Building upon this dataset, the authors develop three distinct video generation approaches. For camera-conditioned generation, they fine-tune the Wan2.2-Fun-5B-Control-Camera model using ground-truth per-frame camera poses, creating the CamCtrl model. This contrasts with baseline approaches that rely on rule-based conversions of discrete actions. For skeleton-conditioned generation, the SkelCtrl model is introduced. This approach utilizes per-frame 3D skeleton keypoints projected into screen coordinates under the ground-truth camera pose to render colored-skeleton videos as control signals for the Wan2.2-Fun-5B-Control model.
The most comprehensive approach is the state-conditioned StateCtrl model. This architecture injects structured state information into the video generation process. States are categorized into discrete types, such as monster type and weapon category, and continuous types, such as coordinates and health. Discrete states are mapped via trainable embeddings, while continuous states are encoded using an MLP. The authors adopt a hierarchical modeling strategy that distinguishes between entity-level states and global-level states, such as recording time. A Transformer architecture models the relationships between entities to produce a unified state embedding. This embedding is aligned with video frames and injected into the intermediate layers of the DiT as a conditioning signal. To ensure the quality of these representations, a state decoder recovers state information from the embedding, and a state predictor forecasts the next-frame state. During training, decoder loss and predictor loss are applied to preserve state fidelity and enhance temporal consistency. For inference, the model supports autoregressive prediction of subsequent states based on the first frame's ground-truth state, denoted as StateCtrl-AR.
All models are trained at a resolution of 544×960 with 81 frames per sample at a frame rate of 16 FPS. The training process utilizes a batch size of 1 and a learning rate of 1×10−5, running for 250,000 iterations with a batch size of 8 using the Adam optimizer. During inference, the system maintains the same resolution and frame rate while employing 50 sampling steps.
Experiment
- WildBench benchmark validates interactive world models by evaluating video quality, camera control, action following, and state alignment, distinguishing itself from existing benchmarks that focus primarily on perceptual quality.
- Reliability experiments confirm that the proposed Action Following metric aligns with human judgments at 85% agreement, while the State Alignment metric effectively measures consistency between generated and ground-truth state evolution.

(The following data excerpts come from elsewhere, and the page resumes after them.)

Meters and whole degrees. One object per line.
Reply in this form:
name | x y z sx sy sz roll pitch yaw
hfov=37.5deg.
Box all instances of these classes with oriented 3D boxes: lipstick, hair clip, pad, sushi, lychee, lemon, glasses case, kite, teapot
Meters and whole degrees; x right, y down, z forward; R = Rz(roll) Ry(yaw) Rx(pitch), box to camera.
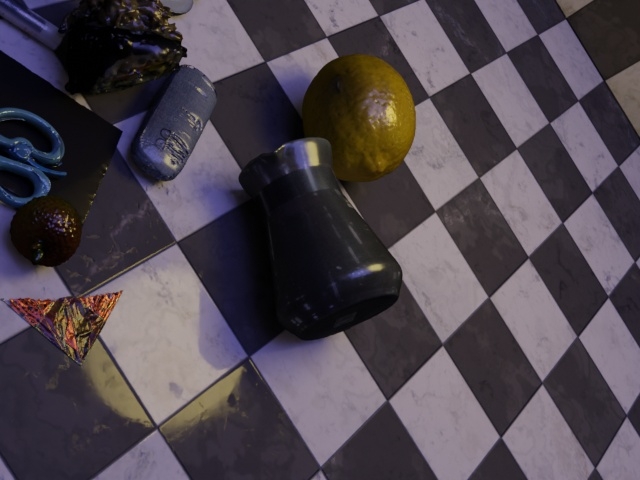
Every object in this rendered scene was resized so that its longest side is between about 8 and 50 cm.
lipstick | -0.526 -0.395 1.684 0.141 0.040 0.040 33 48 -26
hair clip | -0.306 -0.522 1.962 0.172 0.049 0.116 -18 76 -45
pad | -0.525 -0.200 1.603 0.367 0.007 0.247 34 48 -27
sushi | -0.363 -0.384 1.693 0.225 0.238 0.218 -19 100 -41
lychee | -0.436 -0.015 1.507 0.114 0.114 0.146 42 26 -19
lemon | 0.080 -0.269 2.045 0.253 0.253 0.310 13 56 -39
glasses case | -0.278 -0.228 1.809 0.109 0.067 0.282 40 47 -23
kite | -0.400 0.144 1.530 0.222 0.008 0.125 -3 72 -44
teapot | 0.000 0.000 1.842 0.300 0.253 0.344 39 28 -71

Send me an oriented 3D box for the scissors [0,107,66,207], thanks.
scissors | -0.585 -0.174 1.502 0.393 0.032 0.180 22 53 -34
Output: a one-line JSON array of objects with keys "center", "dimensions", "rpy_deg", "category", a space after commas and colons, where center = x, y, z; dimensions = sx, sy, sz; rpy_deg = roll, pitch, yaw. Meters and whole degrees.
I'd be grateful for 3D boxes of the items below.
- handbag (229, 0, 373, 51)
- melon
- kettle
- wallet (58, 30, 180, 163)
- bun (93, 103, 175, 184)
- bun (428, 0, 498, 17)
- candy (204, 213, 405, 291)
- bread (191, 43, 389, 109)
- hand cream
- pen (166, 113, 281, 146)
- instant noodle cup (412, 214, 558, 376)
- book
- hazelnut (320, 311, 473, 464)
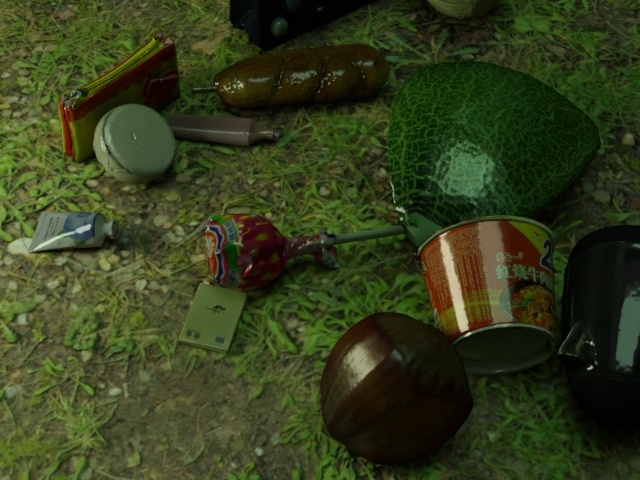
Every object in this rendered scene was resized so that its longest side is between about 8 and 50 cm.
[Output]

- Comparative evaluations demonstrate that diverse approaches trained on the WildWorld dataset outperform baselines on interaction-related metrics, proving the dataset's utility for improving camera control and action responsiveness.
- Analysis reveals that standard video quality metrics like VBench are saturated and fail to capture nuanced differences in dynamic motion, whereas action and state metrics provide necessary fine-grained assessment.
- Qualitative findings indicate a trade-off where models using visual signals for control achieve better interaction fidelity but suffer from reduced aesthetic and image quality compared to those using learned embeddings.
- Experiments on autoregressive models show promise for future development but currently exhibit degraded action following due to error accumulation in iterative state prediction.